Poi ci sono il desiderio dell’incontro e di ampliare i propri orizzonti. «Anche stando qui, hai la possibilità di conoscere nuove persone», potrebbe obiettare qualcuno. Certamente. Ma non è la stessa cosa. Partire vuol dire avere la conferma di due verità apparentemente in antitesi fra loro: siamo tutti diversi e siamo tutti uguali. Ed è un arricchimento senza pari scoprire che si può vivere la stessa vita ma in modo differente (a El Porfin – spesso senz’acqua, senza elettricità, senza internet… – abbiamo davvero sperimentato quel che è veramente essenziale), ma che poi – in fondo – tutti gioiamo o soffriamo per le medesime cose. Un’apertura che alleggerisce il cuore e, soprattutto, un patrimonio che permette di tornare rinnovati alla propria realtà, vedendola con occhi diversi e mettendo l’accoglienza al primo posto.
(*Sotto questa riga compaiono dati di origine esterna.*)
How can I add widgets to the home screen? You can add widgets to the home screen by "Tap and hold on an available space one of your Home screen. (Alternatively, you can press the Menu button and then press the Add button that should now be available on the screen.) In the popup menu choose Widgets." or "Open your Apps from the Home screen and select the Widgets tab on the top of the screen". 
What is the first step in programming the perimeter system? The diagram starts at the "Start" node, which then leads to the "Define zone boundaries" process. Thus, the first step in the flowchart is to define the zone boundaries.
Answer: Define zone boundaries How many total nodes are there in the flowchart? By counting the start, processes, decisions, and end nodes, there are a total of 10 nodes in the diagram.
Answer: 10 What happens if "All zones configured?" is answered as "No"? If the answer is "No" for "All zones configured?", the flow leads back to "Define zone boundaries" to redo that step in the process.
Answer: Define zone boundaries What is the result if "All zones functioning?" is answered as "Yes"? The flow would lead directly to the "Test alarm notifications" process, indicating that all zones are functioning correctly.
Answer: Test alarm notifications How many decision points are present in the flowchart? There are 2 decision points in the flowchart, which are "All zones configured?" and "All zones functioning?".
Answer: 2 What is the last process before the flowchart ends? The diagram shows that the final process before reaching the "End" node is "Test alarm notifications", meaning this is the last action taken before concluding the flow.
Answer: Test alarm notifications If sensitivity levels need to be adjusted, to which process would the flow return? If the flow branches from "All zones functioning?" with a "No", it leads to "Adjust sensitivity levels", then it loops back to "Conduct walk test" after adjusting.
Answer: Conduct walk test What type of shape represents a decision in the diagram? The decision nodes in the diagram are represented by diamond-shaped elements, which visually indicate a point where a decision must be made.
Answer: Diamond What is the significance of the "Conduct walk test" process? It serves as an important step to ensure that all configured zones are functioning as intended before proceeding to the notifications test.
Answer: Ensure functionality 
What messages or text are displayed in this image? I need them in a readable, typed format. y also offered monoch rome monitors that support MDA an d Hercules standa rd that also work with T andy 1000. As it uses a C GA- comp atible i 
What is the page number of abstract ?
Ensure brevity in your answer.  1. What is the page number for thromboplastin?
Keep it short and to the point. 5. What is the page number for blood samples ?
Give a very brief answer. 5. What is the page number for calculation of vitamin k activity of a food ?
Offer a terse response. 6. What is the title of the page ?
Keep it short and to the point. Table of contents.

Viaggi come questi sono, insomma, due sguardi che si incontrano e che si arricchiscono a vicenda. Noi abbiamo portato in valigia un po’ del nostro mondo e loro ci hanno aperto il proprio. Lì abbiamo scoperto che in una terra apparentemente arida (dove a far le spese di una situazione politico-economica difficile e a dir poco complessa è, come sempre, la popolazione più fragile) già molti semi attendono di germogliare. Anche negli angoli più remoti. Bisogna solo che qualcuno se ne prenda cura. A questo, talvolta, può servire lo sguardo dell’altro. Ad accorgersi che le risorse ci sono e che il passo successivo è quello di attivarsi per metterle a frutto, senza aspettare un aiuto istituzionale che praticamente non esiste. È un discorso che don Angelo sta portando avanti da quarant’anni e i risultati – anche se piccoli e lenti – cominciano a vedersi. A noi è sembrato importante accompagnare i più giovani in un minuscolo tratto di strada, con la speranza che ora qualcun altro – qualcuno di laggiù – li prenda a sua volta per mano per continuare su un cammino che saranno loro a dover tracciare, disegnando il proprio futuro.